((

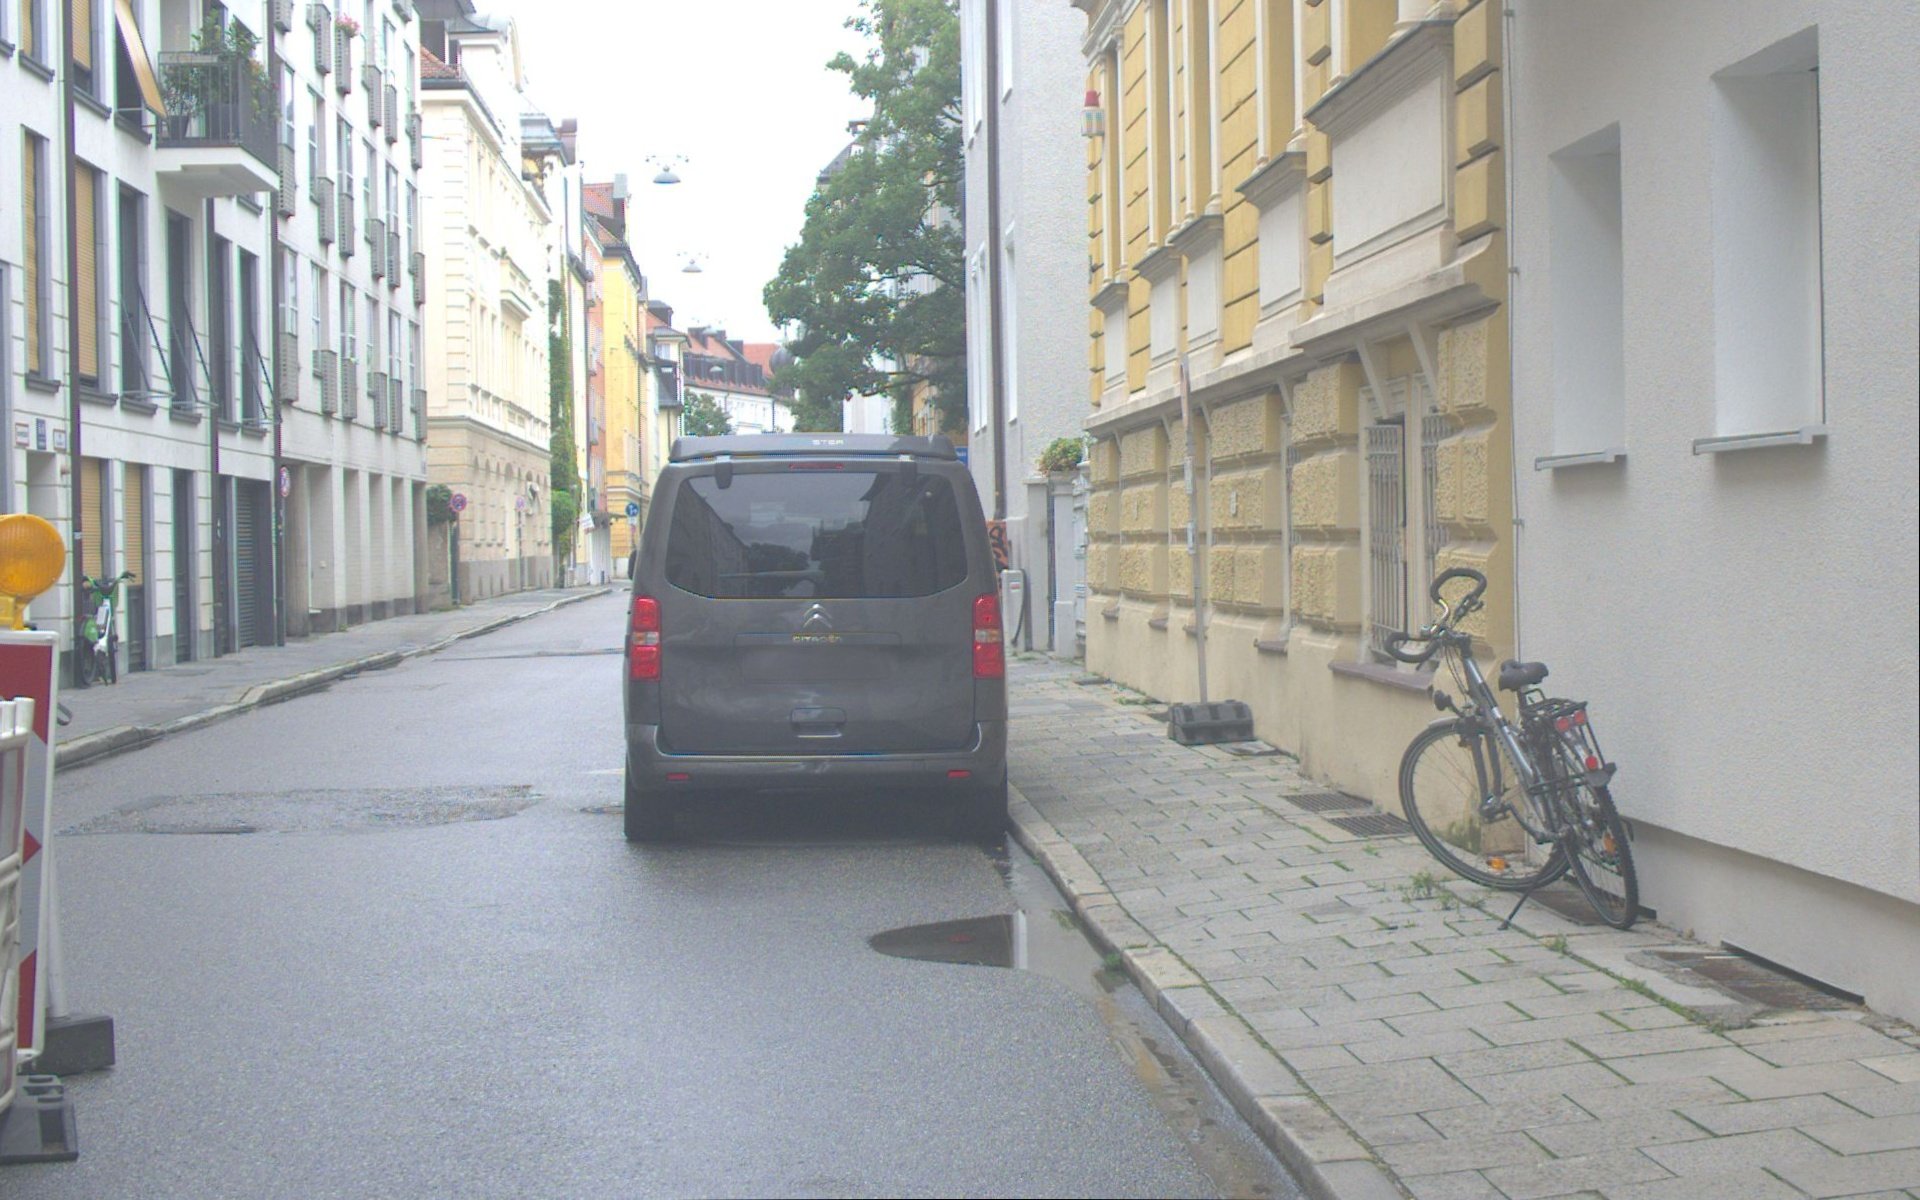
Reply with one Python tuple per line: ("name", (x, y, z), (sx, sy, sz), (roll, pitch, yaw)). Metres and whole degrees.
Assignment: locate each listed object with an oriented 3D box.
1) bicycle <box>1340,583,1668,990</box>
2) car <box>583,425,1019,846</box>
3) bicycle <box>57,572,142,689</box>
("bicycle", (1.765, 0.565, 11.440), (0.638, 1.149, 1.915), (-4, 2, -3))
("car", (-0.888, 0.119, 18.110), (1.993, 1.925, 4.661), (0, 1, -4))
("bicycle", (-8.742, 0.294, 34.991), (0.340, 1.142, 2.191), (-2, 0, -2))
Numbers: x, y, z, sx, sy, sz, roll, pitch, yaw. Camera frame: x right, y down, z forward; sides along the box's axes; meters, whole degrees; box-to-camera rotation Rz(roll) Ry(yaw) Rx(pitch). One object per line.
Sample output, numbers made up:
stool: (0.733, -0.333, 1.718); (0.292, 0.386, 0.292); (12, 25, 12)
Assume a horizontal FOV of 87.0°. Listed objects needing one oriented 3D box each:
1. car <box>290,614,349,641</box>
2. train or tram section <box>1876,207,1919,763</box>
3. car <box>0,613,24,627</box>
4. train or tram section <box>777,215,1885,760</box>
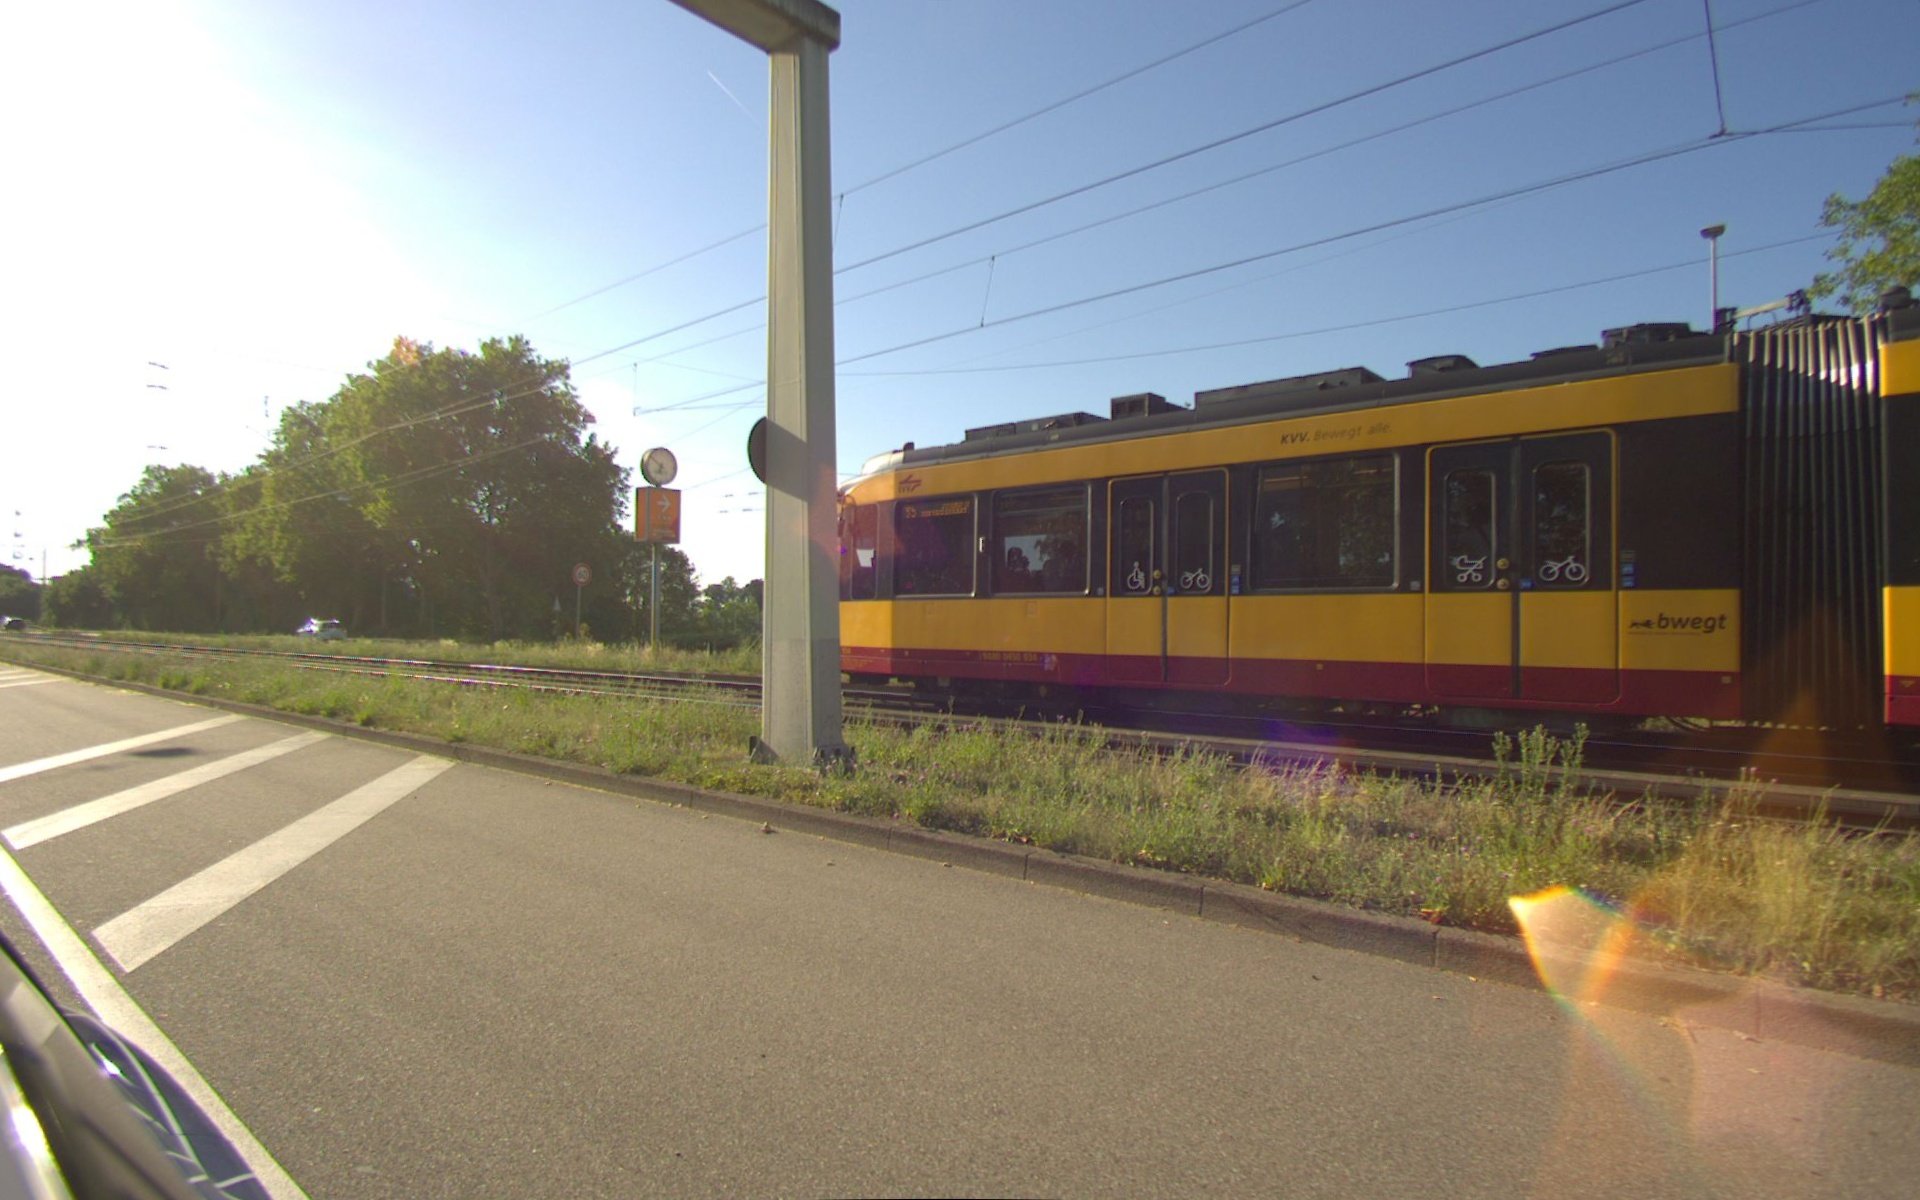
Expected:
car: (-40.913, 1.716, 64.580); (4.264, 1.537, 1.639); (2, 0, 35)
train or tram section: (12.180, -0.892, 4.400); (11.982, 3.932, 2.776); (-1, 0, 40)
car: (-123.441, 2.591, 131.615); (4.936, 1.707, 1.879); (-1, -3, 39)
train or tram section: (2.833, -0.768, 12.363); (12.323, 3.932, 2.776); (-1, 0, 40)
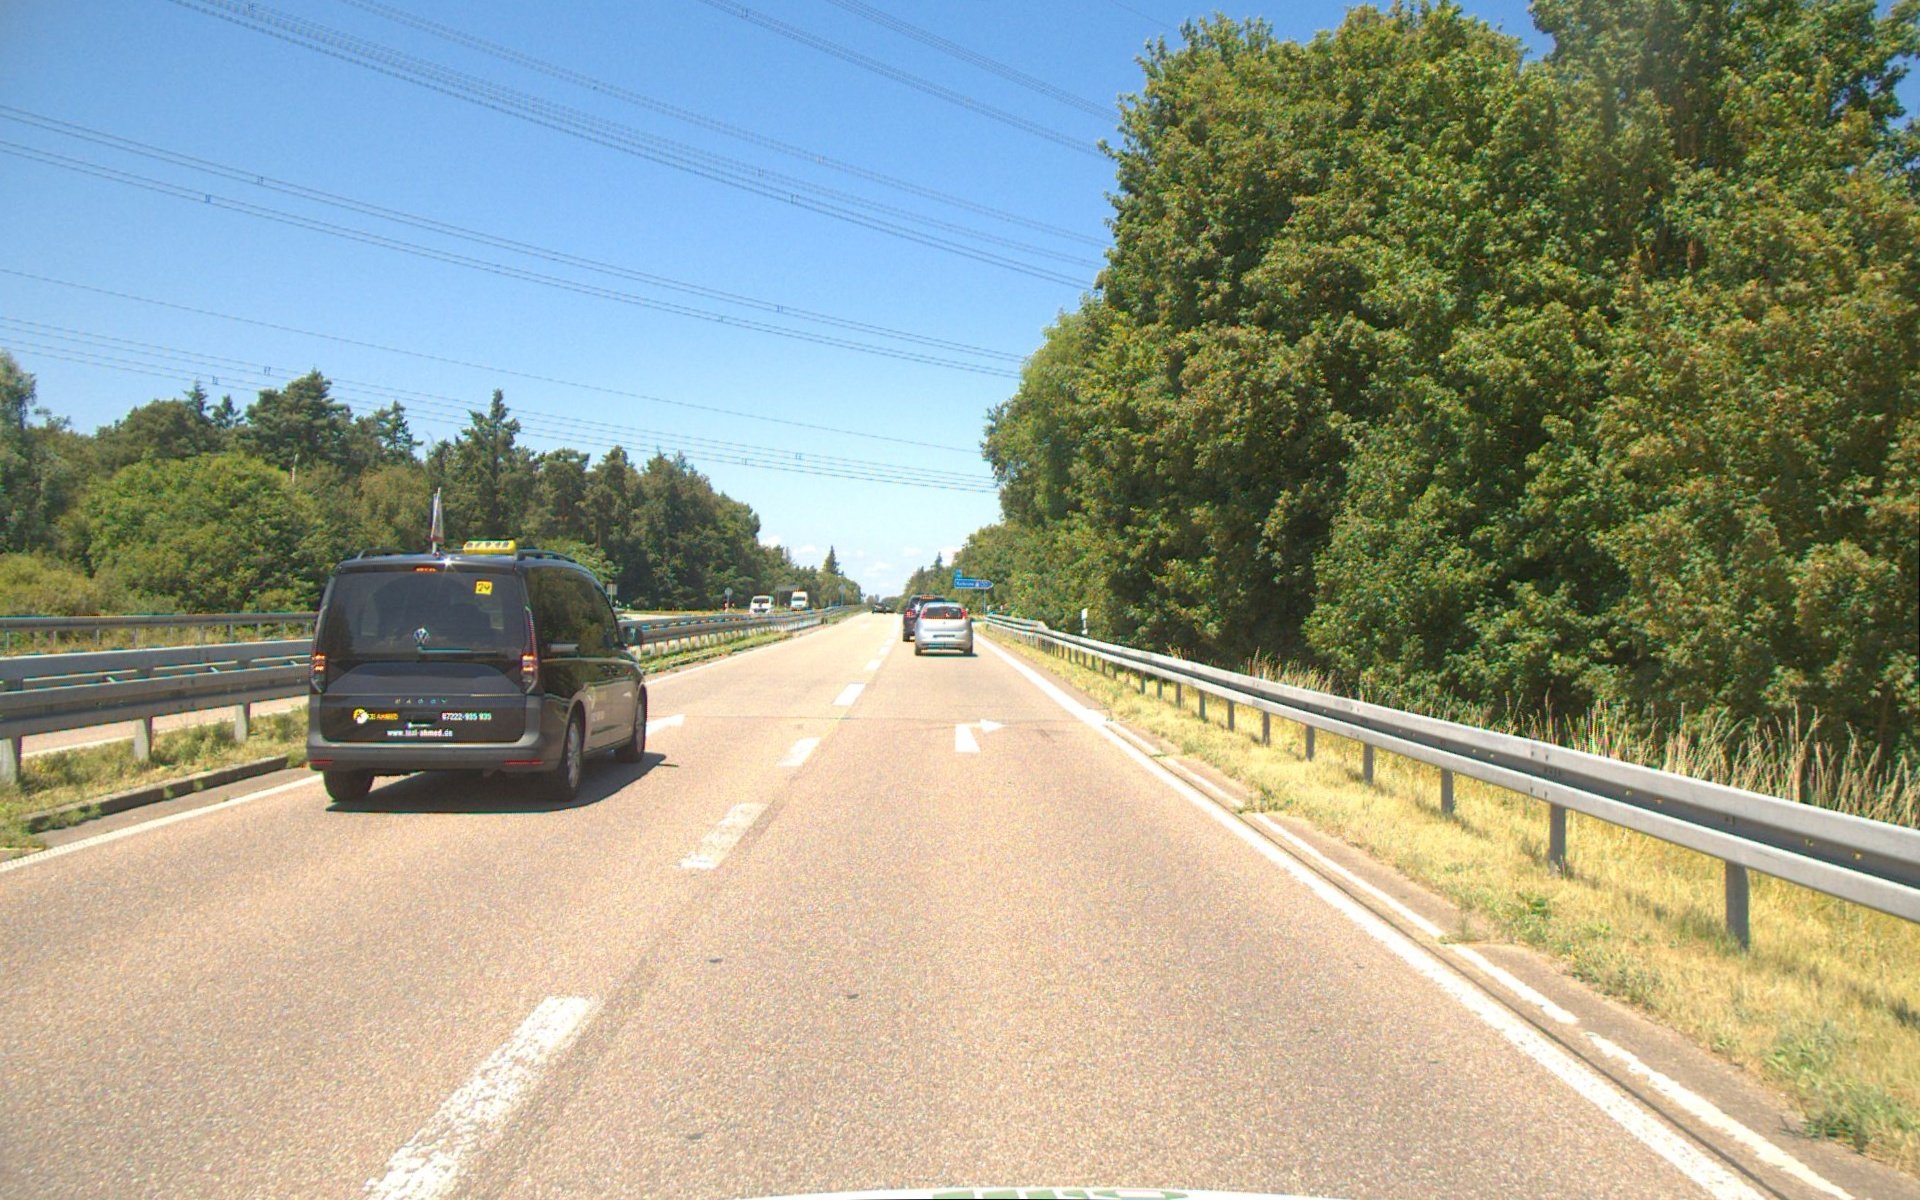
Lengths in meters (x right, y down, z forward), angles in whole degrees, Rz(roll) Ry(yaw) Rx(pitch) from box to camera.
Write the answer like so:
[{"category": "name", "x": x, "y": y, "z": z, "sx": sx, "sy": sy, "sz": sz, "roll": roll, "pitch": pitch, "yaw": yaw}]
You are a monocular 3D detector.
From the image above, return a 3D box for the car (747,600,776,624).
[{"category": "car", "x": -17.537, "y": 1.070, "z": 146.228, "sx": 1.852, "sy": 2.027, "sz": 5.532, "roll": 0, "pitch": 0, "yaw": 0}]

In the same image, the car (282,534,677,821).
[{"category": "car", "x": -3.687, "y": 0.537, "z": 13.865, "sx": 1.817, "sy": 1.920, "sz": 5.571, "roll": 0, "pitch": 0, "yaw": -2}]

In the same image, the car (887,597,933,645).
[{"category": "car", "x": -1.936, "y": 0.794, "z": 63.601, "sx": 1.608, "sy": 1.682, "sz": 3.571, "roll": 3, "pitch": 0, "yaw": -3}]

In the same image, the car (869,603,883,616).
[{"category": "car", "x": -10.737, "y": 1.212, "z": 212.036, "sx": 1.678, "sy": 1.497, "sz": 3.572, "roll": 3, "pitch": 0, "yaw": -2}]

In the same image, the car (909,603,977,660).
[{"category": "car", "x": -0.516, "y": 0.880, "z": 47.435, "sx": 1.608, "sy": 1.493, "sz": 3.415, "roll": 3, "pitch": 0, "yaw": -5}]

))

> **TASK ITEM**:
Take the entries shown above and quote them verbatim, passing over the pictures.

> **OUTPUT**:
Reply with one Python tuple per line: ("name", (x, y, z), (sx, sy, sz), (roll, pitch, yaw)). Metres and whole degrees.
Assignment: locate each listed object with an oriented 3D box.
1) bicycle <box>1340,583,1668,990</box>
2) car <box>583,425,1019,846</box>
3) bicycle <box>57,572,142,689</box>
("bicycle", (1.765, 0.565, 11.440), (0.638, 1.149, 1.915), (-4, 2, -3))
("car", (-0.888, 0.119, 18.110), (1.993, 1.925, 4.661), (0, 1, -4))
("bicycle", (-8.742, 0.294, 34.991), (0.340, 1.142, 2.191), (-2, 0, -2))
Numbers: x, y, z, sx, sy, sz, roll, pitch, yaw. Camera frame: x right, y down, z forward; sides along the box's axes; meters, whole degrees; box-to-camera rotation Rz(roll) Ry(yaw) Rx(pitch). One object per line.
Sample output, numbers made up:
stool: (0.733, -0.333, 1.718); (0.292, 0.386, 0.292); (12, 25, 12)
Assume a horizontal FOV of 87.0°. Listed objects needing one oriented 3D box each:
1. car <box>290,614,349,641</box>
2. train or tram section <box>1876,207,1919,763</box>
3. car <box>0,613,24,627</box>
4. train or tram section <box>777,215,1885,760</box>
Expected:
car: (-40.913, 1.716, 64.580); (4.264, 1.537, 1.639); (2, 0, 35)
train or tram section: (12.180, -0.892, 4.400); (11.982, 3.932, 2.776); (-1, 0, 40)
car: (-123.441, 2.591, 131.615); (4.936, 1.707, 1.879); (-1, -3, 39)
train or tram section: (2.833, -0.768, 12.363); (12.323, 3.932, 2.776); (-1, 0, 40)
Lengths in meters (x right, y down, z forward), angles in whole degrees, Rz(roll) Ry(yaw) Rx(pitch) from box to camera.
Write the answer like so:
[{"category": "name", "x": x, "y": y, "z": z, "sx": sx, "sy": sy, "sz": sz, "roll": roll, "pitch": pitch, "yaw": yaw}]
You are a monocular 3D detector.
From the image above, return a 3D box for the car (747,600,776,624).
[{"category": "car", "x": -17.537, "y": 1.070, "z": 146.228, "sx": 1.852, "sy": 2.027, "sz": 5.532, "roll": 0, "pitch": 0, "yaw": 0}]

In the same image, the car (282,534,677,821).
[{"category": "car", "x": -3.687, "y": 0.537, "z": 13.865, "sx": 1.817, "sy": 1.920, "sz": 5.571, "roll": 0, "pitch": 0, "yaw": -2}]

In the same image, the car (887,597,933,645).
[{"category": "car", "x": -1.936, "y": 0.794, "z": 63.601, "sx": 1.608, "sy": 1.682, "sz": 3.571, "roll": 3, "pitch": 0, "yaw": -3}]

In the same image, the car (869,603,883,616).
[{"category": "car", "x": -10.737, "y": 1.212, "z": 212.036, "sx": 1.678, "sy": 1.497, "sz": 3.572, "roll": 3, "pitch": 0, "yaw": -2}]

In the same image, the car (909,603,977,660).
[{"category": "car", "x": -0.516, "y": 0.880, "z": 47.435, "sx": 1.608, "sy": 1.493, "sz": 3.415, "roll": 3, "pitch": 0, "yaw": -5}]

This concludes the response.